You’ll notice, first off, that Democrats never betray “principles”; rather, they engage in pragmatism when supporting flawed candidates. I hate to break the news to them, but backing a corrupt and philosophically vacant charlatan like Hillary Clinton, who had no problem “wooing” Putin and slew of other authoritarians, was also an unprincipled choice. It’s just one they’re comfortable with. Still, whatever the choice, “But Gorsuch” is literally correct. Trump’s judicial picks will transcend his tweets and his anarchic time in office. Moreover, considering the speed with which the mainstream Left has abandoned elementary republican governance, the courts may well be the only way to preserve our traditional constitutional order — at least, in the short term.

One reason the courts exist is to temper the excesses and vagaries of crude majoritarianism. There is no reason whatsoever to shy away from demanding that courts uphold law as written — which is not the same as judicial activism, though liberals gleefully conflate the two. Scher argues that, historically speaking, Trump’s record on judges been neither unique nor impressive, and that his loss might well pave the way for more liberal judges. That’s certainly one way to look at it. Another way to look at it is that Trump’s improbable win interrupted a potential 16-year string of anti-constitutional appointments, and to some degree balanced the ideological disposition of the courts moving forward. The idea that Democrats wouldn’t have waged the same war on the judiciary if Hillary had won — after they had blown up the judicial filibuster — is, of course, baloney. They just thought they were going to win again.

“But Gorsuch” also had immediate implications. Without Gorsuch there is no Janus v. AFSCME, and unions would still be forcing workers to pay dues to organizations that participate in political causes they do not support. Without Neil Gorsuch and Brett Kavanaugh — who, say what you will about Trump, was unlikely to have sustained the support of any other Republican president through such a malicious confirmation battle — states such as Colorado would still openly be destroying the lives of Americans over thought crimes.

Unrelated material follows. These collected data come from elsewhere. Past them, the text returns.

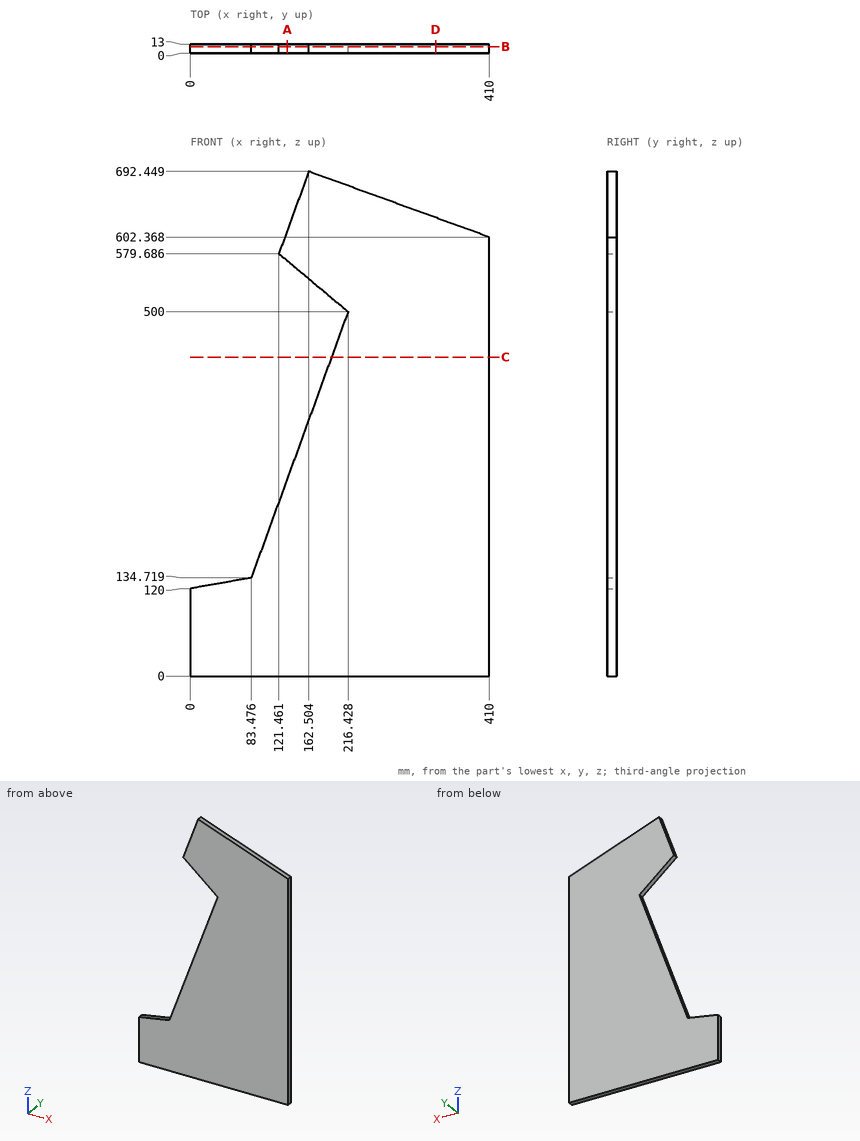
Here's the drawing with two shaded views (mm, measured from the low corner). I have some questions. Round coordinates to 2 decimals unless told otherwise and drop trailing zeros. Loops run counter-clockwise (first coordinate to the right, second up) from the corner with the lowest first, then second, coordinate; pieces in that order, holes last. Notation, with made-up numbers: M -28.5,69.5 L -3.5,69.5 A13 ccw -3.5,85.5 Z; hole C -31.75,2.25 d6. An arc over 180 degrees is marked long. Answer as a JSON object with one key per item and string values. Group by question number.
Q1. Imagine slicing it at C-C, the plane z = 437.5. Please give me the cut outline in (x, y), then the cut area to 3 significant figures.
Q2. Imagine slicing it at D-D, the plane x = 336.5. Please give me the cut outline in (y, z), then the cut area to 3 significant figures.
Q3. Imagine slicing it at B-B, the plane y = 9.25. Please give me the cut outline in (x, z).
Q4. Imagine slicing it at A-A, the plane x = 133. Please give me the cut outline in (y, z) (1 decimal), then the cut area to 3 significant figures.
Q5. Will these pins go through, and if not, where does the flat tip stop? pin 1 (4 mm diameter, centred on x = 176, y = 6, fed in from +Z) (1 decimal); pin 2 (2 mm diameter, centred on x = 359.5, y = 6, fed in from +Z).
Q6. Please list where these lines run through material, in increasing order: L1, parallel to X at y = 5.5, z = 360; L2, parallel to Z at x = 37.5, y = 8; L3, parallel to Z at x = 30, y = 4.5.
Findings:
{
 "1": {"outline": "M 193.68,0 L 410,0 L 410,13 L 193.68,13 Z", "area": "2,810 mm2"},
 "2": {"outline": "M 0,0 L 13,0 L 13,629.12 L 0,629.12 Z", "area": "8,180 mm2"},
 "3": {"outline": "M 0,0 L 410,0 L 410,602.37 L 162.5,692.45 L 121.46,579.69 L 216.43,500 L 83.48,134.72 L 0,120 Z"},
 "4": {"outline": "M 0,0 L 13,0 L 13,270.8 L 0,270.8 Z; M 0,570 L 13,570 L 13,611.4 L 0,611.4 Z", "area": "4,060 mm2"},
 "5": {"pin 1": "stops at z = 688.3", "pin 2": "stops at z = 621.11"},
 "6": {"L1": "x = 165.47 to 410", "L2": "z = 0 to 126.61", "L3": "z = 0 to 125.29"}
}

A Supreme Court with two Hillary appointees would be whittling away the free-speech protections of Citizens United. It would be hammering the Second Amendment protections that were reaffirmed by Heller and McDonald. Roberts may view himself as a Solomonic strategist and stickler for precedent, but his liberal colleagues have little problem dispensing with it whenever convenient.

It’s understandable that conservatives feel frustrated. When Republicans take Congress, Barack Obama simply circumvents the legislative branch and create laws by fiat. When Republicans win back the presidency, Democrats refuse to accept the legitimacy of the election, and spend the entire term trying to overturn the results, while convincing their constituents that the constitutionally prescribed election process is illegitimate. And when Republican presidents attempt to overturn the previous president’s diktats, using the very same mechanisms, the Court stops them.

It’s true, as well, that Republican presidents often flub their picks. Gorsuch disappointed social conservatives when helping invent new protections for LGBT workers. Roberts, a George W. Bush appointee, will be a perpetual disappointment, I’m sure. Yet both are worlds better than the alternative. You don’t need to look any farther than the Montana school-choice decision to understand why.

The lesson gleaned from recent history isn’t that Republicans have gotten a “bad deal,” but rather that Republicans should fight harder to seat more jurists like Clarence Thomas and fewer like John Roberts. There is no “winning” in politics, after all, there is just the constant struggle. Conservatives, as their name indicates, rack up unappreciated victories by hindering the progress of bad ideas and preventing them from coagulating into law.

Was Gorsuch worth it? Counter-histories are most often a waste of time. Perhaps Trump’s election damaged the long-term prospects of conservative causes. Perhaps Democrats wouldn’t have radicalized as quickly had Hillary been president. It doesn’t really matter now. There are plenty of reasons a person may have not to vote for Donald Trump, yes. But the underlying arguments for “But Gorsuch” are stronger than ever.